Class-based evaluators

from ddtrace.llmobs import BaseEvaluator, EvaluatorContext, EvaluatorResult

class SemanticSimilarityEvaluator(BaseEvaluator):
    def __init__(self, threshold: float = 0.8):
        super().__init__(name="semantic_similarity")
        self.threshold = threshold

    def evaluate(self, context: EvaluatorContext) -> EvaluatorResult:
        score = compute_similarity(context.output_data, context.expected_output)
        return EvaluatorResult(
            value=score,
            reasoning=f"Similarity score: {score:.2f}",
            assessment="pass" if score >= self.threshold else "fail",
        )

4. (Optional) Define summary evaluators

Summary evaluators run after all record-level evaluators have finished, and receive the aggregated results to compute dataset-level statistics like averages or pass rates. Like record-level evaluators, you can define summary evaluators as functions or classes.

For the class-based approach using BaseSummaryEvaluator, see the Evaluation Developer Guide.

Function-based summary evaluators

 def num_exact_matches(inputs, outputs, expected_outputs, evaluators_results):
     return evaluators_results["exact_match"].count(True)

Summary evaluator functions can take a list of any non-null type as inputs (string, number, Boolean, object, array); outputs and expected_outputs can be lists of any type. evaluators_results is a dictionary of list of results from evaluators, keyed by the name of the evaluator function. For example, in the above code snippet the summary evaluator num_exact_matches uses the results (a list of Booleans) from the exact_match evaluator to provide a count of number of exact matches.

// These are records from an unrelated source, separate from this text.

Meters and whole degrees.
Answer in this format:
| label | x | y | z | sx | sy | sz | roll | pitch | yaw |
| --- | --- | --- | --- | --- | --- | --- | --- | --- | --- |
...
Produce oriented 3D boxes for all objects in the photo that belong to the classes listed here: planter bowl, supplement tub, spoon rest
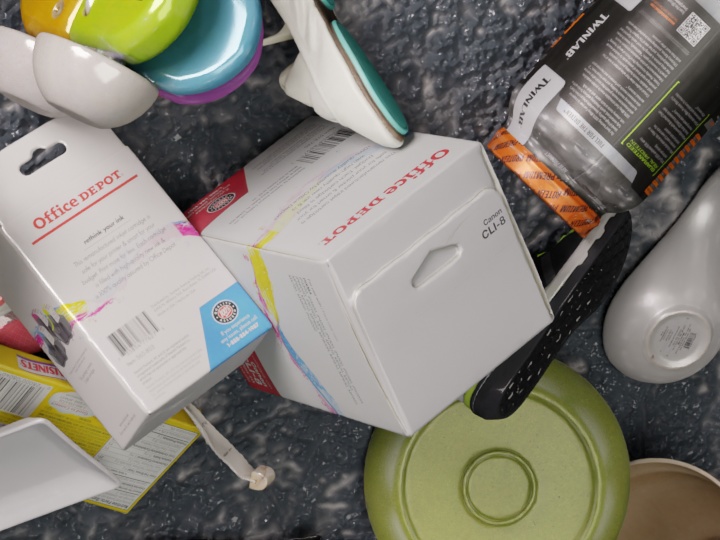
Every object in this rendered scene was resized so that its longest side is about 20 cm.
| label | x | y | z | sx | sy | sz | roll | pitch | yaw |
| --- | --- | --- | --- | --- | --- | --- | --- | --- | --- |
| planter bowl | 0.246 | 0.253 | 1.863 | 0.134 | 0.200 | 0.201 | 23 | 103 | -50 |
| supplement tub | 0.189 | -0.128 | 1.729 | 0.200 | 0.123 | 0.122 | -47 | 115 | 3 |
| spoon rest | 0.251 | -0.001 | 1.839 | 0.099 | 0.061 | 0.201 | 18 | 116 | -20 |

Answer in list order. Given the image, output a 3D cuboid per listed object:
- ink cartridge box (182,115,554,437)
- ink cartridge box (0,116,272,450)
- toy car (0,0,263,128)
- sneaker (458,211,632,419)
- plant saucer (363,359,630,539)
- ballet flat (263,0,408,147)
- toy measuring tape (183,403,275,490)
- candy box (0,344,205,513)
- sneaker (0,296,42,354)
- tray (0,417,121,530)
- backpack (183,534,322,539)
| label | x | y | z | sx | sy | sz | roll | pitch | yaw |
| --- | --- | --- | --- | --- | --- | --- | --- | --- | --- |
| ink cartridge box | 0.000 | 0.000 | 1.656 | 0.145 | 0.199 | 0.145 | -37 | 116 | -24 |
| ink cartridge box | -0.169 | 0.001 | 1.636 | 0.115 | 0.068 | 0.200 | -35 | 82 | -32 |
| toy car | -0.134 | -0.166 | 1.580 | 0.149 | 0.200 | 0.176 | 29 | 83 | -29 |
| sneaker | 0.118 | 0.016 | 1.788 | 0.200 | 0.083 | 0.072 | -50 | 154 | -18 |
| plant saucer | 0.101 | 0.157 | 1.817 | 0.198 | 0.031 | 0.202 | 0 | 95 | 0 |
| ballet flat | -0.036 | -0.155 | 1.645 | 0.069 | 0.069 | 0.201 | -26 | 75 | -6 |
| toy measuring tape | -0.116 | 0.060 | 1.711 | 0.074 | 0.074 | 0.200 | -44 | 87 | 2 |
| candy box | -0.214 | 0.108 | 1.703 | 0.199 | 0.027 | 0.102 | 21 | 128 | -36 |
| sneaker | -0.285 | 0.058 | 1.680 | 0.199 | 0.074 | 0.087 | -23 | 116 | -8 |
| tray | -0.274 | 0.149 | 1.695 | 0.199 | 0.022 | 0.107 | -21 | 144 | 17 |
| backpack | -0.094 | 0.276 | 1.788 | 0.198 | 0.127 | 0.168 | 13 | 108 | -18 |
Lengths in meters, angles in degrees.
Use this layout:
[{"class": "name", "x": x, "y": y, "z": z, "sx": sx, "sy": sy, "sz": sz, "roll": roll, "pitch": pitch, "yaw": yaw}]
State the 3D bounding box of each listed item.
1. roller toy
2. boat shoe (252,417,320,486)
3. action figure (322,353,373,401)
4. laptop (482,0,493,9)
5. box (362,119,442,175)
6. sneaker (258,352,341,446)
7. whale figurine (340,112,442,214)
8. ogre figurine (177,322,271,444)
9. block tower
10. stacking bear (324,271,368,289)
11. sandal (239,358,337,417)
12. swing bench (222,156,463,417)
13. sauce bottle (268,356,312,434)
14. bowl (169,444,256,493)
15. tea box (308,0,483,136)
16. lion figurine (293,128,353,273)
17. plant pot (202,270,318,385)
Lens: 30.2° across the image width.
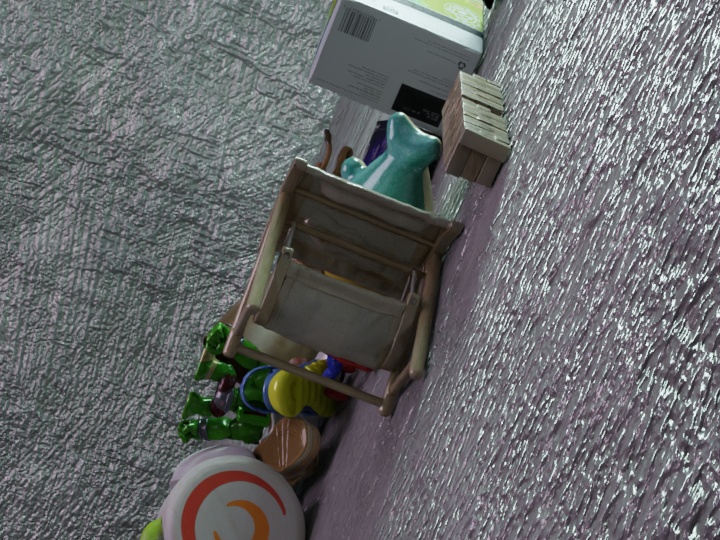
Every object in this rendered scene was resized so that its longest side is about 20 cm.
[{"class": "roller toy", "x": -0.167, "y": 0.338, "z": 1.693, "sx": 0.184, "sy": 0.199, "sz": 0.140, "roll": -61, "pitch": 4, "yaw": -27}, {"class": "boat shoe", "x": -0.088, "y": 0.246, "z": 1.789, "sx": 0.200, "sy": 0.068, "sz": 0.075, "roll": 140, "pitch": 135, "yaw": -58}, {"class": "action figure", "x": -0.006, "y": 0.102, "z": 1.672, "sx": 0.201, "sy": 0.098, "sz": 0.066, "roll": 79, "pitch": -158, "yaw": -61}, {"class": "laptop", "x": 0.215, "y": -0.430, "z": 1.682, "sx": 0.179, "sy": 0.102, "sz": 0.200, "roll": -69, "pitch": -18, "yaw": -2}, {"class": "box", "x": 0.043, "y": -0.131, "z": 1.848, "sx": 0.200, "sy": 0.078, "sz": 0.142, "roll": -141, "pitch": 74, "yaw": -82}, {"class": "sneaker", "x": -0.082, "y": 0.183, "z": 1.883, "sx": 0.070, "sy": 0.079, "sz": 0.202, "roll": -168, "pitch": 100, "yaw": -84}, {"class": "whale figurine", "x": 0.027, "y": -0.078, "z": 1.538, "sx": 0.103, "sy": 0.159, "sz": 0.201, "roll": -25, "pitch": -34, "yaw": -43}, {"class": "ogre figurine", "x": -0.175, "y": 0.171, "z": 1.836, "sx": 0.098, "sy": 0.119, "sz": 0.202, "roll": -90, "pitch": 20, "yaw": -77}, {"class": "block tower", "x": 0.123, "y": -0.155, "z": 1.446, "sx": 0.200, "sy": 0.053, "sz": 0.058, "roll": -85, "pitch": 17, "yaw": -65}, {"class": "stacking bear", "x": 0.000, "y": 0.000, "z": 1.712, "sx": 0.114, "sy": 0.120, "sz": 0.202, "roll": -72, "pitch": -2, "yaw": -70}, {"class": "sandal", "x": -0.092, "y": 0.154, "z": 1.762, "sx": 0.200, "sy": 0.086, "sz": 0.081, "roll": 17, "pitch": -106, "yaw": -65}, {"class": "swing bench", "x": -0.018, "y": 0.017, "z": 1.435, "sx": 0.130, "sy": 0.197, "sz": 0.202, "roll": 124, "pitch": 165, "yaw": -59}, {"class": "sauce bottle", "x": -0.104, "y": 0.224, "z": 1.970, "sx": 0.066, "sy": 0.065, "sz": 0.201, "roll": 121, "pitch": 169, "yaw": -52}, {"class": "bowl", "x": -0.203, "y": 0.348, "z": 1.858, "sx": 0.199, "sy": 0.074, "sz": 0.202, "roll": -14, "pitch": 83, "yaw": 60}, {"class": "tea box", "x": 0.052, "y": -0.311, "z": 1.799, "sx": 0.198, "sy": 0.198, "sz": 0.135, "roll": -83, "pitch": 16, "yaw": -58}, {"class": "lion figurine", "x": -0.056, "y": -0.072, "z": 1.758, "sx": 0.123, "sy": 0.072, "sz": 0.202, "roll": -55, "pitch": -34, "yaw": -48}, {"class": "plant pot", "x": -0.126, "y": 0.085, "z": 2.179, "sx": 0.201, "sy": 0.186, "sz": 0.187, "roll": -57, "pitch": 2, "yaw": -24}]

Class-based summary evaluators

from ddtrace.llmobs import BaseSummaryEvaluator, SummaryEvaluatorContext

class AverageScoreEvaluator(BaseSummaryEvaluator):
    def __init__(self, target_evaluator: str):
        super().__init__(name="average_score")
        self.target_evaluator = target_evaluator

    def evaluate(self, context: SummaryEvaluatorContext):
        scores = context.evaluation_results.get(self.target_evaluator, [])
        if not scores:
            return None
        return sum(scores) / len(scores)

Datadog supports the following Summary Evaluator return types:

  • Boolean: returns true or false
  • score: returns a numeric value (float)
  • categorical: returns a labeled category (string)
  • json: returns structured data (dict)

5. Create and run the experiment.

experiment = LLMObs.experiment(
    name="capital-cities-test",
    task=task,
    dataset=dataset,
    evaluators=[exact_match, overlap, fake_llm_as_a_judge],
    summary_evaluators=[num_exact_matches], # optional
    description="Testing capital cities knowledge",
    config={
        "model_name": "gpt-4",
        "version": "1.0"
    },
)

# Run the experiment
results = experiment.run()  # Run on all dataset records

# Process results
for result in results.get("rows", []):
    print(f"Record {result['idx']}")
    print(f"Input: {result['input']}")
    print(f"Output: {result['output']}")
    print(f"Score: {result['evaluations']['evaluator']['value']}")
    if result['error']['message']:
        print(f"Error: {result['error']['message']}")

To increase the execution speed of the experiment, you can enable parallel processing:

results = experiment.run(jobs=4)

To test your pipeline on a subset of the data, use:

results = experiment.run(sample_size=10)

To stop the execution of the Experiment if an error occurs, use:

results = experiment.run(raise_errors=True)

6. Review your experiment results in Datadog.

print(f"View experiment: {experiment.url}")

Note: LLM Experiments traces are retained for 90 days.